Il étudie alors différents modèles pour passer son « cri de douleur » au plus grand nombre. « C’est une histoire politique qui s’est transformée en aventure entrepreneuriale »explique ce Francilien qui s’est alors tourné vers l’alimentation, « secteur qui parle à tout le monde ». Précisément sur un excellent traiteur où tous les plats seront confectionnés et servis par des jeunes handicapés, dont son fils Alexandre.

Le succès de Biscornu tient à l’originalité de son modèle basé sur une méthode d’apprentissage, baptisée « aiguisée », pour « permettre aux personnes non scolarisées d’apprendre ». Olivier Tran a également demandé à de nombreuses entreprises d’Ile-de-France (Mazars, Scor, MSD, Chateauform, etc.) ayant des restaurants avec cuisine d’ouvrir leurs portes l’après-midi afin de pouvoir former ses apprentis. Idem pour les grands noms de la restauration collective (Sodexo, Elior…) qui accompagnent au quotidien les jeunes handicapés.

Commerces de la région

Olivier Tran a enfin demandé aux chefs de concocter « des recettes originales qui ne dégradent pas l’environnement » (100% bio, local, etc.) et a démarché les plus grandes entreprises pour leur présenter son offre de restauration qui s’inscrit dans leur politique RSE. Avec succès, Biscornu travaille aujourd’hui pour plus de 70 groupes comme Orange, Natixis, Chanel, Bpifrance, la Fédération Française de Rugby, FDJ… et réalise pas moins de 120 000 euros de chiffre d’affaires par mois.

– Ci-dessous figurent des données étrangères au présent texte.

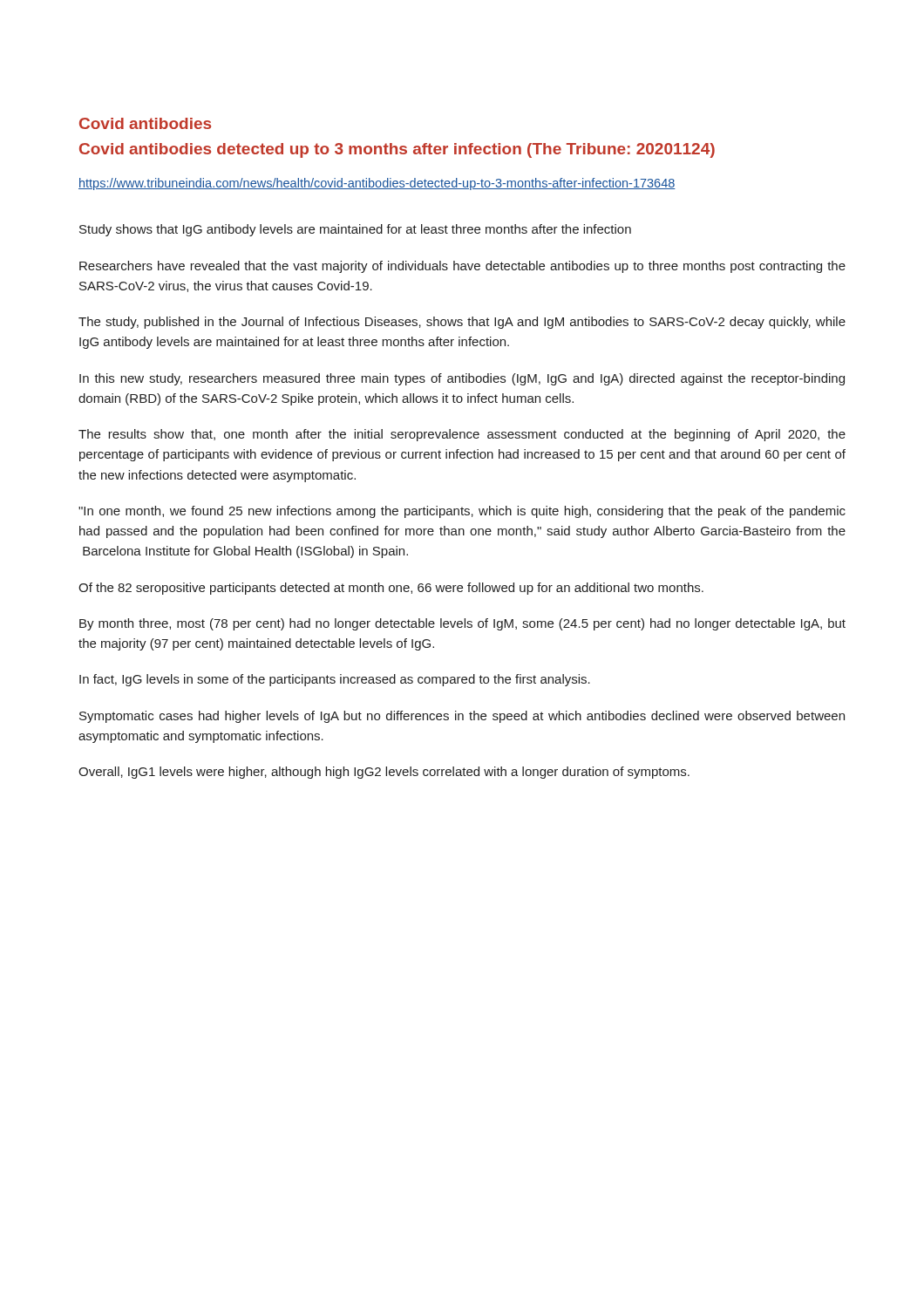Click the passage that begins "Symptomatic cases had"
The width and height of the screenshot is (924, 1308).
click(462, 725)
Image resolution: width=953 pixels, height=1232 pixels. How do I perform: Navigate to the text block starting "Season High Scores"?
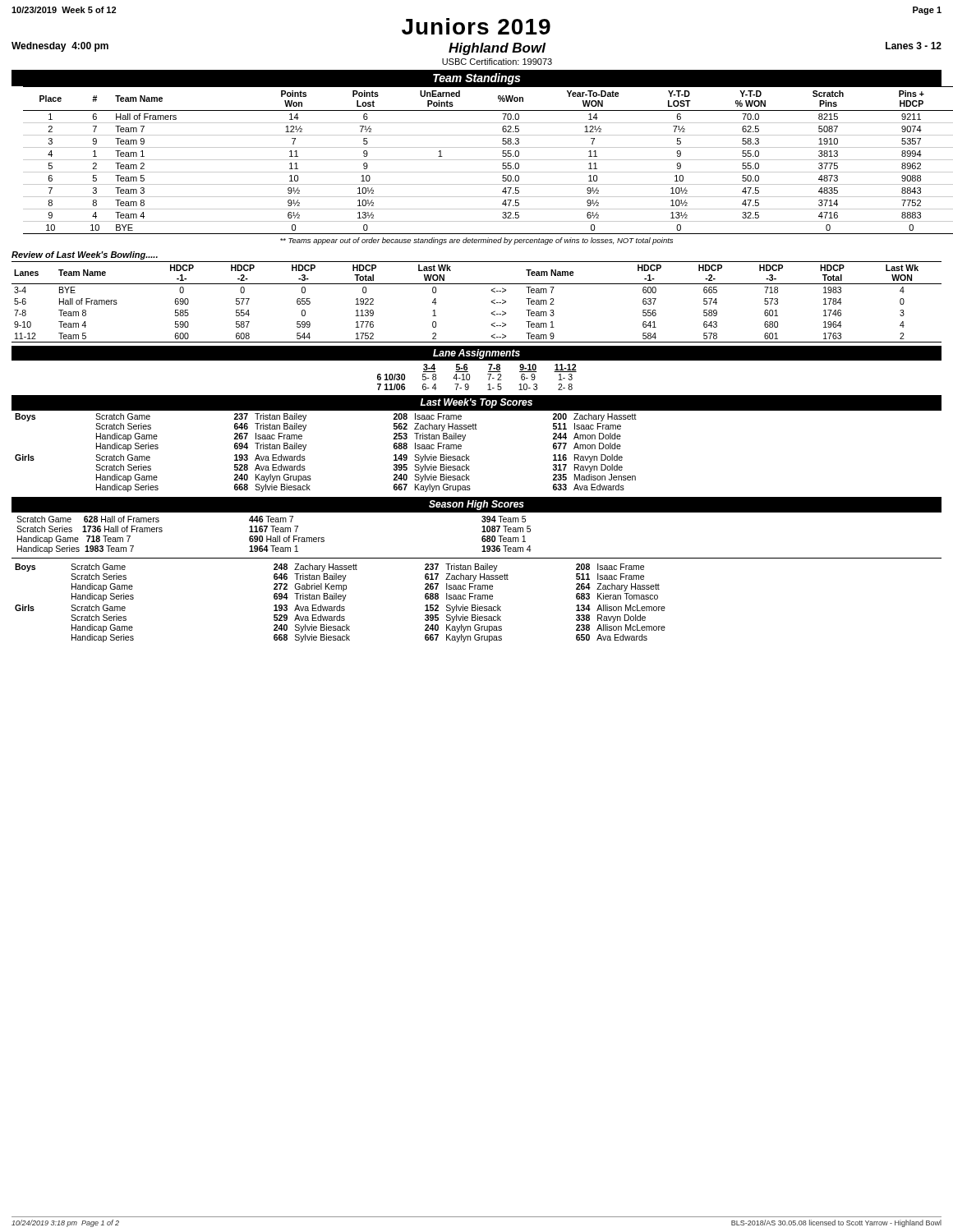(476, 504)

Mieux, avec ses 28 salariés en CDI et sa quarantaine de serveurs monopolisables au gré des commandes, tous handicapés, l’entreprise vient de remporter le contrat d’accueil de la centaine d’établissements rattachés à Matignon (Cnil, Conseil d’État, Cese…) qui lui garantiront 450 000 euros de chiffre d’affaires en plus par an, soit l’équivalent de quatre mois d’activité.

« Nous avons passé un cap »se félicite Olivier Tran, qui a commencé par vendre aux particuliers, après le premier confinement en 2020, ses bocaux consignés sur les marchés des Hauts-de-Seine et s’apprête déjà à lever 1,5 million d’euros dans les mois à venir. .

Son objectif? Financer le déploiement d’un laboratoire de 1200 m² (en construction) à Colombes pour sa recherche et sa production de plats et cocktails. « Il faut inventer un produit phare, comme le Big Mac de McDo », rapporte l’entrepreneur, qui squatte tous les après-midi dans les cuisines municipales des écoles de Colombes et Clichy. Il souhaite alors se tourner vers la vente directe, notamment en ouvrant des boutiques Biscornu dans la région ou en commercialisant ses plats dans des enseignes telles que Biocoop, Monoprix, etc.